RC Baja 2: The Search for More Baja
The analyses in this project are completed with the goal of meeting the requirements stated in the project proposal. Engineering analyses are useful because they provide exact values to solve problems instead of guessing. The analyses below will make use of various materials taught in the previous classes taken at CWU such as mechanics of materials and physics.
This analysis is using physics to determine the amount of power required to meet the acceleration requirement. The amount of power required was 32 W to accelerate to 20 MPH in 10 seconds.
In this analysis the minimum chassis thickness was calculated assuming a maximum deflection of 1mm. The calculated thickness was 2.2mm. This calculation was done using the beam bending equations.
This analysis determined the final drive ratio necessary to produce enough torque to move the vehicle. The final drive ratio required to meet the torque requirements is 10.7 to 1.
This analysis determined the gear ratio necessary for the transmission. This problem required knowing the final drive ratio of the whole system, and the gear ratio of the rear differential.
This analysis determined the size of material needed to limit deflection of the skid bar to 0.001 mm. The thickness was found to be 0.25" if made from steel.
This analysis determined the diameter of the axle shaft required to sustain the torque needed to move the vehicle.
This analysis determined the minimum outside diameter of the axle tube to support the weight of the vehicle.
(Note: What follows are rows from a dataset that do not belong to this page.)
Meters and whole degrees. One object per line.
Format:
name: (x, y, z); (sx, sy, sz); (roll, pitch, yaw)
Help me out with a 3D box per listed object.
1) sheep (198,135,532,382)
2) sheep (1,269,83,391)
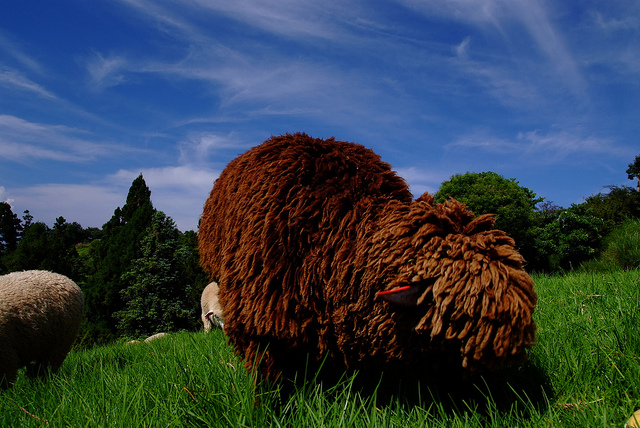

The problem was solved using shear yield equations from mechanics of materials.
This analysis determined the outside diameter of the axle tube based on deflection. The amount of deflection was limited because excessive deflection will cause damage.
This analysis determined the minimum tire diameter required to meet the speed requirement of 25 MPH.
This analysis determined the length of the driveshaft necessary to attach to the transmission and the differential.
This analysis determined the screw size necessary to resist the torque placed upon the driveshaft.
This analysis determined the minimum driveshaft area to not experience shear failure during driving.